# Good Mexican restaurant



## pannyzero (Aug 26, 2010)

Do you know where can I get a good Mexican food? Is there any good Mexican food in Dubai? 

I went to a Mexican restaurant today and was so disappointed. I ordered a bowl of tortilla soup but it's not tortilla soup that I know. It was like a tasteless tomato soup... 

Gracias


----------



## Andy Capp (Oct 5, 2008)

Which one did you go to?

I like Maria Bonitos in Umm Seq, just down the road from the big Spinneys in Jumeriah


----------



## Gavtek (Aug 23, 2009)

El Chico at JBR and Maria Bonita's Taco Shop & Grill in Jumeirah are favourites of mine, although I can't really comment on the authenticity of the food, it's probably more in the tex-mex category.

On a similar note, does anyone know anywhere in Dubai that serves churros?


----------



## dizzyizzy (Mar 30, 2008)

El Chicos is not Mexican uke:

For more authentic stuff go to Maria Bonita as Andy suggests.

For authentic and expensive stuff, go to Maya on Le Royal Meridien.


----------



## dizzyizzy (Mar 30, 2008)

Yes, Maya does churros.


----------



## pannyzero (Aug 26, 2010)

Gracias para todas las respuestas (Thank you for all of your answers, sorry for my broken spanish though)
I will convince hubby to go to Maria Bonita with me this weekend!

Andy Capp, 
Sorry, I can't remember the name of it.

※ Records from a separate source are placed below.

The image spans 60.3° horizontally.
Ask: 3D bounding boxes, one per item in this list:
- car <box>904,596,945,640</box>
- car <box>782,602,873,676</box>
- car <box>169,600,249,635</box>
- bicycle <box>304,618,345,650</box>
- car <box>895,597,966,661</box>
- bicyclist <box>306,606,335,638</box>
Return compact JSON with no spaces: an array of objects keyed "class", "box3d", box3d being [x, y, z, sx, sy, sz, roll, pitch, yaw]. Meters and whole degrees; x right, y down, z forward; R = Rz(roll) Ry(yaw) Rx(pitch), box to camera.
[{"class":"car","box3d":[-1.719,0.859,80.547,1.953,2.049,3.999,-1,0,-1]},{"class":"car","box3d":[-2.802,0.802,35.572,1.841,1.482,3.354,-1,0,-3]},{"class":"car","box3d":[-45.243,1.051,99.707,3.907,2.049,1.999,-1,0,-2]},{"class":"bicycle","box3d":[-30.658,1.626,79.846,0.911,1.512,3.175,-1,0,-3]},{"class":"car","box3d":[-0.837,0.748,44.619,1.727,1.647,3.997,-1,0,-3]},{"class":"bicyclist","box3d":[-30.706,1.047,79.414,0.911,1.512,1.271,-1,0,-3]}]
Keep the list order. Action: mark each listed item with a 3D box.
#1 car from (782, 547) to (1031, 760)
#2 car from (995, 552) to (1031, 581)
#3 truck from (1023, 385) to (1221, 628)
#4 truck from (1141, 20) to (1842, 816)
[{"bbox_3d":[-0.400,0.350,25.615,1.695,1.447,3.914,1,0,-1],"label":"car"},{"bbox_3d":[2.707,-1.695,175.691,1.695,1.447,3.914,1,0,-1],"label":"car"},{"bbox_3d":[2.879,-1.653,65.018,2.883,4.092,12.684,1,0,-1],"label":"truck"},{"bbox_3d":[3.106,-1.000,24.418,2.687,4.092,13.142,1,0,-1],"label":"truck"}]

It's at foodcourt area in a mall.
But I'm sure it's not Taco Bell


----------



## vincetruong (May 10, 2009)

If you're looking for Mexican food that's really authentic, you may want to maintain low expectations here


----------



## ipshi (Jul 23, 2010)

low expectations?? not our panny... she even expects the doormen in dubai to know spanish!! LOL!!


----------



## pannyzero (Aug 26, 2010)

*just an old habit*



ipshi said:


> low expectations?? not our panny... she even expects the doormen in dubai to know spanish!! LOL!!


:spit:
Ipshi.... -_-

It was just...I'm so used to thanks people who do nice things such as open a door and move a chair for me(most of my Mexicano friends do that). So it is just a habit to say thanks to them in their language.

Anyways, I'll not try to expect too much since not many chefs here are familiar with Mexican food.


----------



## dizzyizzy (Mar 30, 2008)

the Chef at Maria Bonita is Mexican - his name is Alex.


----------



## Saint Ari (Oct 1, 2010)

My eyes were the size of silver dollars ...when I saw them put a buritto on a panini maker .... grilled tortilla .. yum ... lol

What I'd do for carnitas / lengua B's ...


----------



## sabfrance (Sep 9, 2010)

More importantly... where can I get the best frozen Marguarita, (one with the consistency of a slurpee but the kick of a mule)?


----------



## Dazcat (Aug 7, 2008)

Never tried Maria Bonita's, but sounds great will have to try it! El Chico's was terrible when i tried it, i ordered Quesadillas & they come covered in batter & deep fried!!! 
Five Dining @ the Jumeriah Rotana in Al Satwa do a decent Mexican brunch on a Friday night think its only 150 AED including selected alcohols and theres an Entertainer voucher for it too.


----------



## Saint Ari (Oct 1, 2010)

150 AED for Mexican food??


----------



## Dazcat (Aug 7, 2008)

Saint Ari said:


> 150 AED for Mexican food??


Yes im sure its 150AED if not its not much more, its an all you can eat brunch with live cooking stations for Fajitas, includes alcohol too!


----------



## Jynxgirl (Nov 27, 2009)

Saint Ari said:


> 150 AED for Mexican food??


ROFLMAO....  Ari is so funny!!!


----------



## Saint Ari (Oct 1, 2010)

Lol Its true hehe ... there are AUTHENTIC Mex places @ the Mission that makes burritos for $5 the size of my leg ... 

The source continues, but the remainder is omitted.